[What is required]:
Word for word, copy the line that contains "The width and" and each line after it in the data below. Pictures stay out of the copy.
══ Data to examine
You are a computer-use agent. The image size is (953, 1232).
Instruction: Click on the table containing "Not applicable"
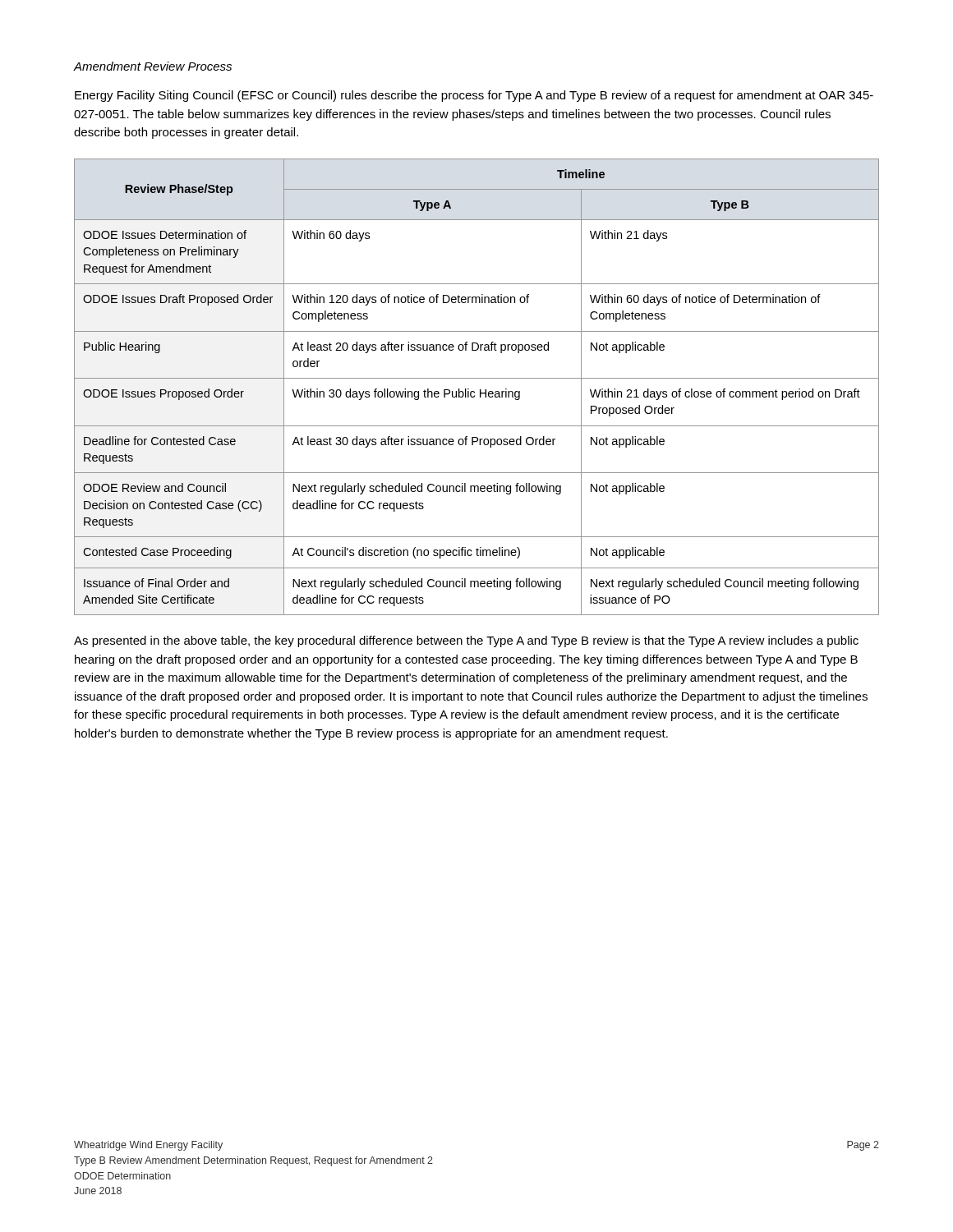476,387
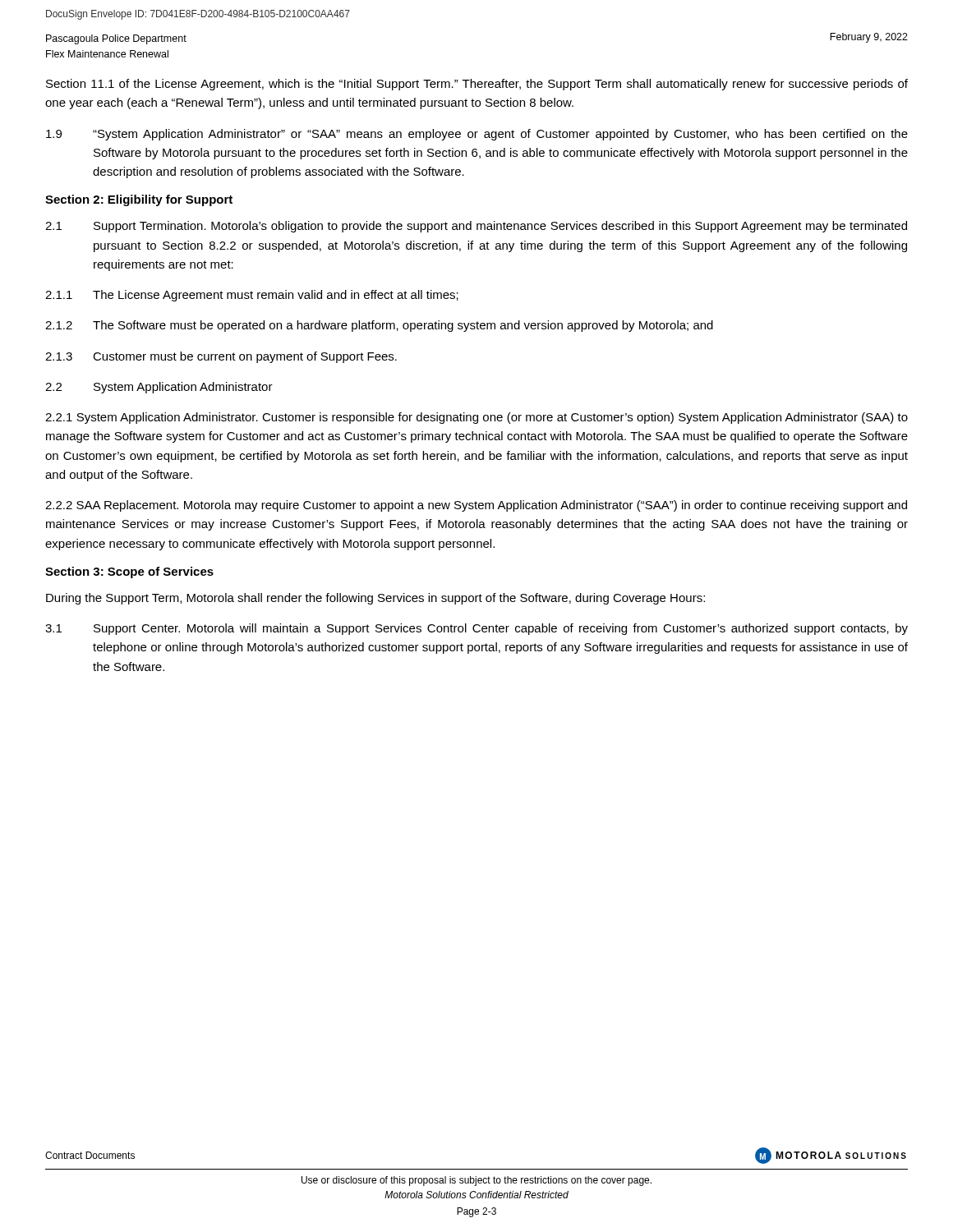Point to the text starting "2.1 System Application Administrator. Customer is responsible"
Image resolution: width=953 pixels, height=1232 pixels.
(x=476, y=445)
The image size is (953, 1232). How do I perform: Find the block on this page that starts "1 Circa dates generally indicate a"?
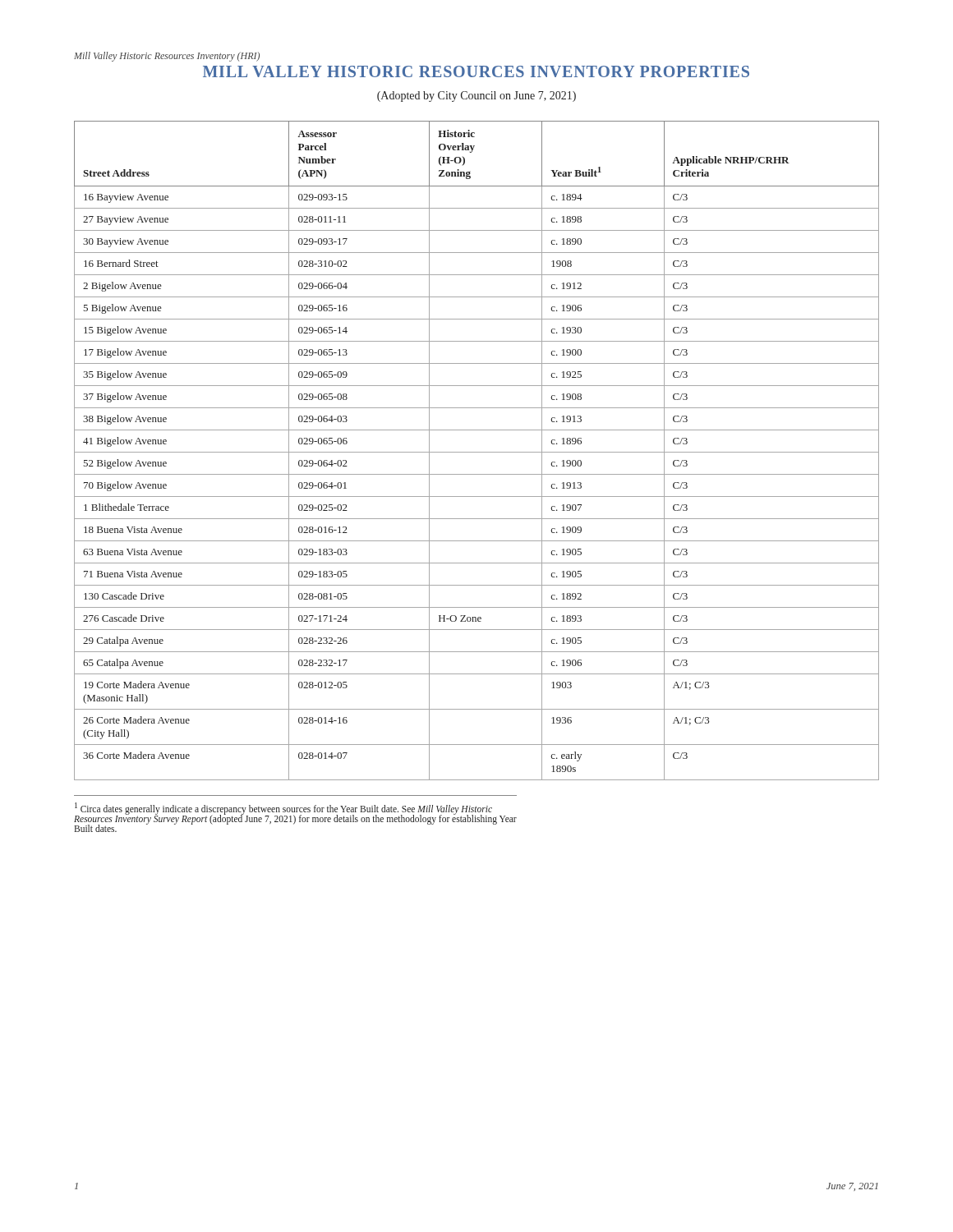pos(295,817)
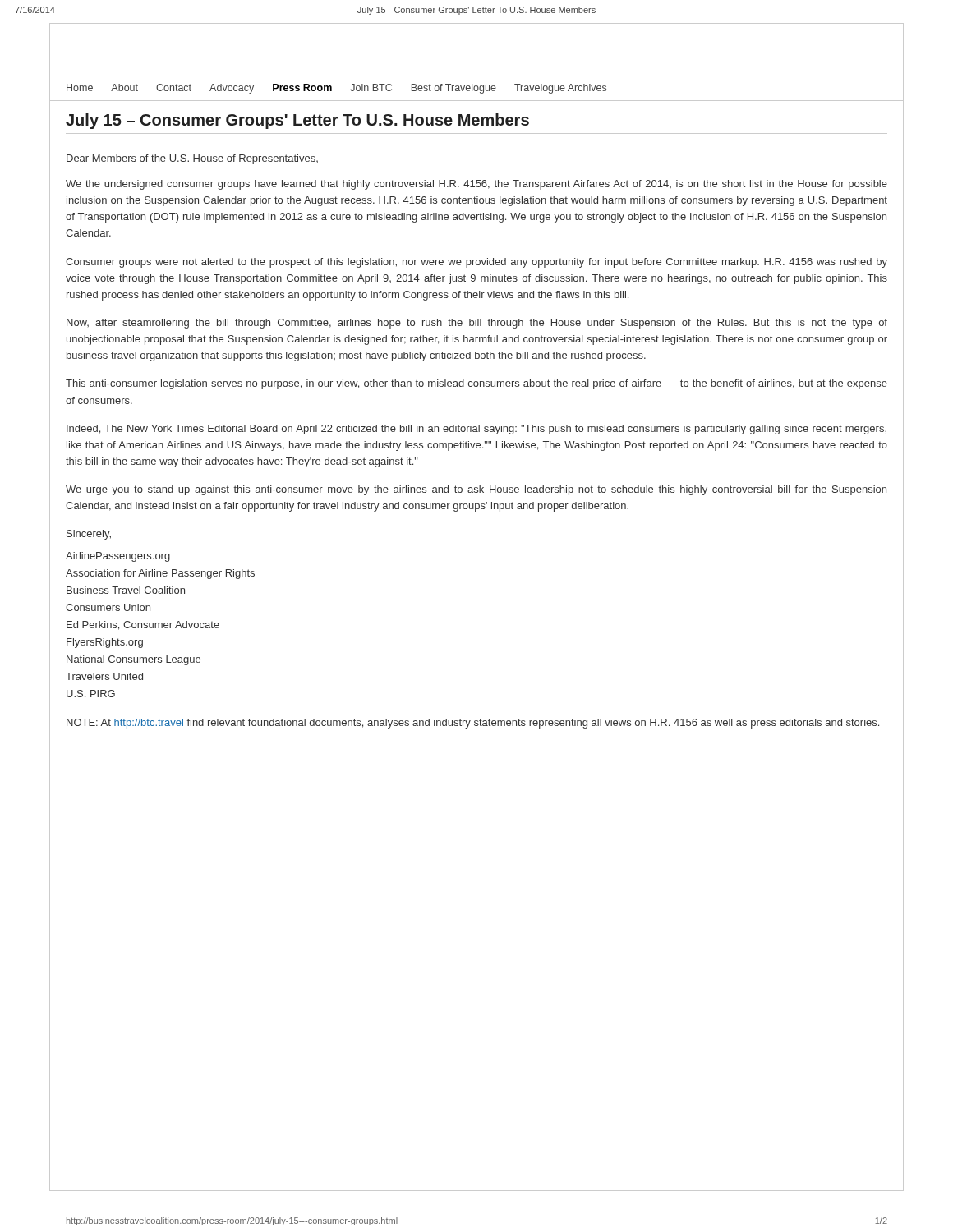Image resolution: width=953 pixels, height=1232 pixels.
Task: Point to the block beginning "Now, after steamrollering the bill"
Action: point(476,339)
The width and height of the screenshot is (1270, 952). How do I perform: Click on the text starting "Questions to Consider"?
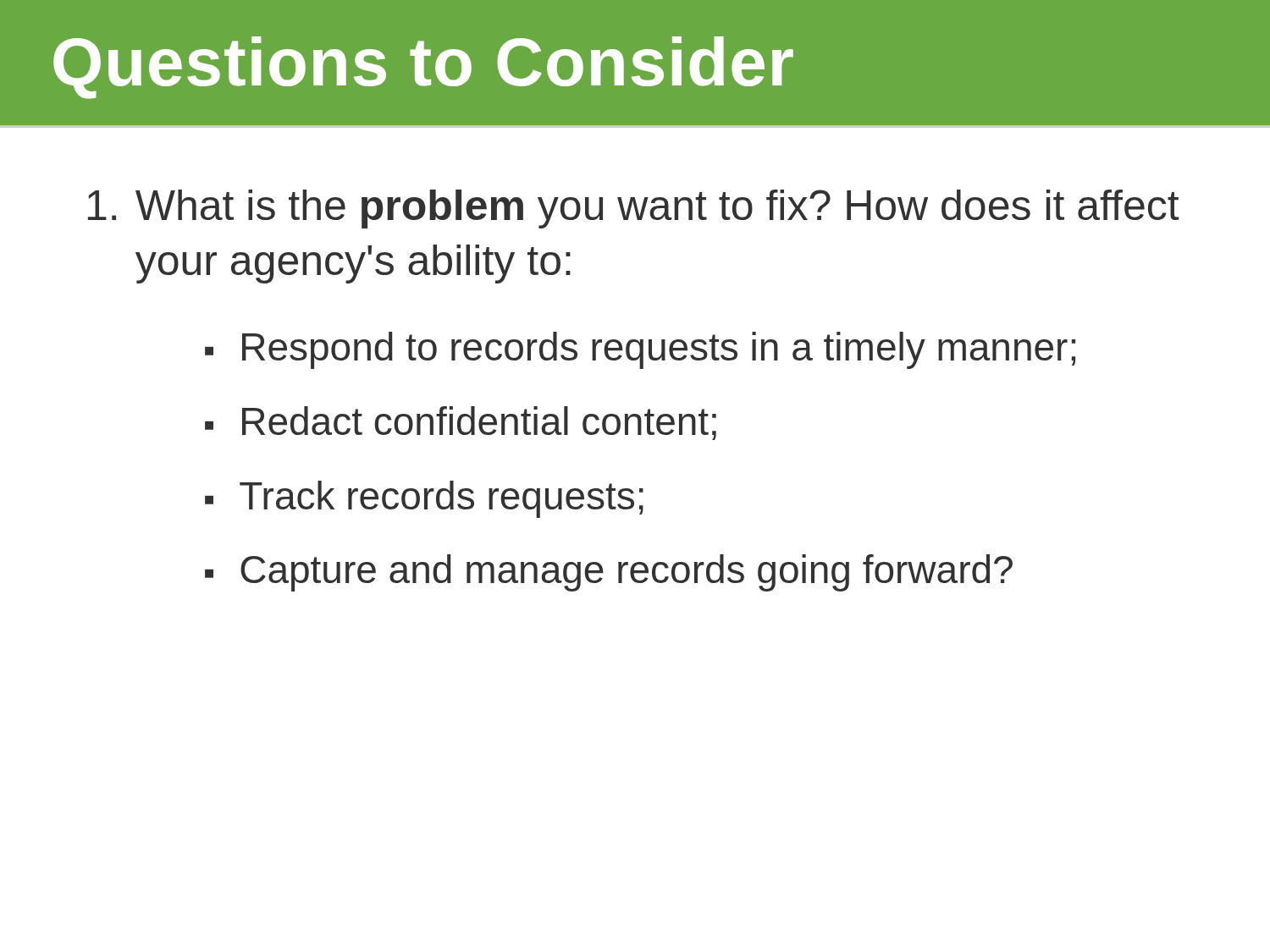[x=635, y=63]
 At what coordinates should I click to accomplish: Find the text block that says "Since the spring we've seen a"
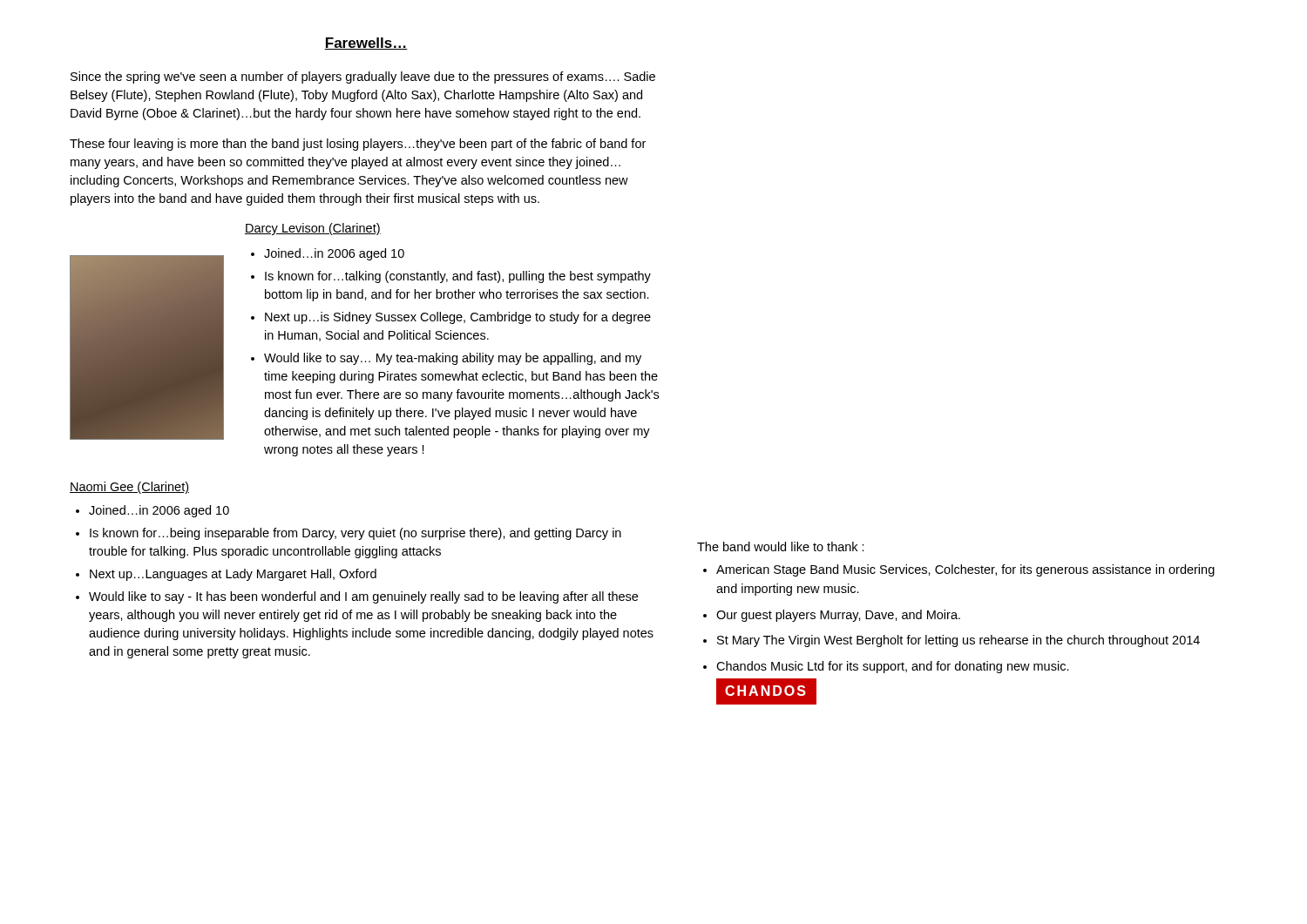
════
[Task answer]:
The width and height of the screenshot is (1270, 952). How do I perform: Click on the text starting "Questions to Consider"?
[x=635, y=63]
 At what coordinates should I click to accomplish: Find the text block that says "Since the spring we've seen a"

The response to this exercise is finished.